Assessing the potential effectiveness of food and beverage taxes and subsidies for improving public health: a systematic review of prices, demand and body weight outcomes

Authors


  • This study was commissioned by the Robert Wood Johnson Foundation (RWJF) through its Healthy Eating Research Programme. We also gratefully acknowledge research support from the National Institute of Diabetes and Digestive and Kidney Diseases (NIDDK) under Grant No. R01 DK089096. The manuscript contents are solely the responsibility of the authors and do not necessarily represent the official view of the RWJF, NIDDK or the National Institutes of Health.

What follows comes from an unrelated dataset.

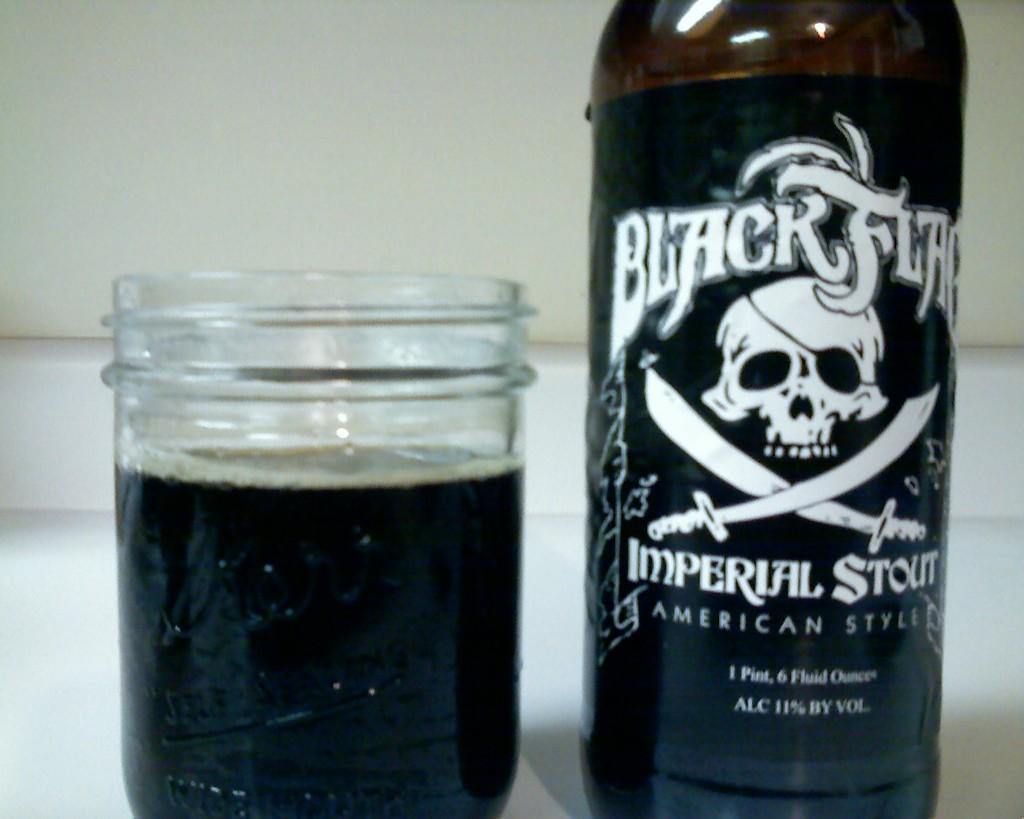Describe this image in one or two sentences. In the picture we can see a bottle, a glass, a bottle is full of wine and a glass is full of wine. In the background we can see a white wall. On the bottle it is written as black flag with two swords. 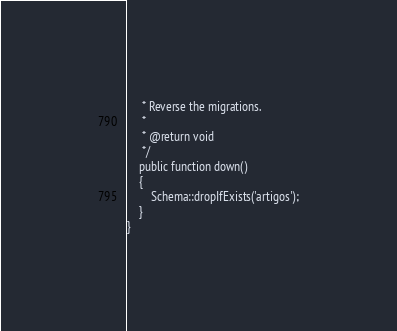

Address for correspondence: Dr Lisa M. Powell, Institute of Health Research and Policy, University of Illinois at Chicago, M/C 275, 1747 W. Roosevelt Road, Chicago, IL 60608, USA.

E-mail: powelll@uic.edu

Summary

Taxes and subsidies are increasingly being considered as potential policy instruments to incentivize consumers to improve their food and beverage consumption patterns and related health outcomes. This study provided a systematic review of recent U.S. studies on the price elasticity of demand for sugar-sweetened beverages (SSBs), fast food, and fruits and vegetables, as well as the direct associations of prices/taxes with body weight outcomes. Based on the recent literature, the price elasticity of demand for SSBs, fast food, fruits and vegetables was estimated to be −1.21, −0.52, −0.49 and −0.48, respectively. The studies that linked soda taxes to weight outcomes showed minimal impacts on weight; however, they were based on existing state-level sales taxes that were relatively low. Higher fast-food prices were associated with lower weight outcomes particularly among adolescents, suggesting that raising prices would potentially impact weight outcomes. Lower fruit and vegetable prices were generally found to be associated with lower body weight outcomes among both low-income children and adults, suggesting that subsidies that would reduce the cost of fruits and vegetables for lower-socioeconomic populations may be effective in reducing obesity. Pricing instruments should continue to be considered and evaluated as potential policy instruments to address public health risks.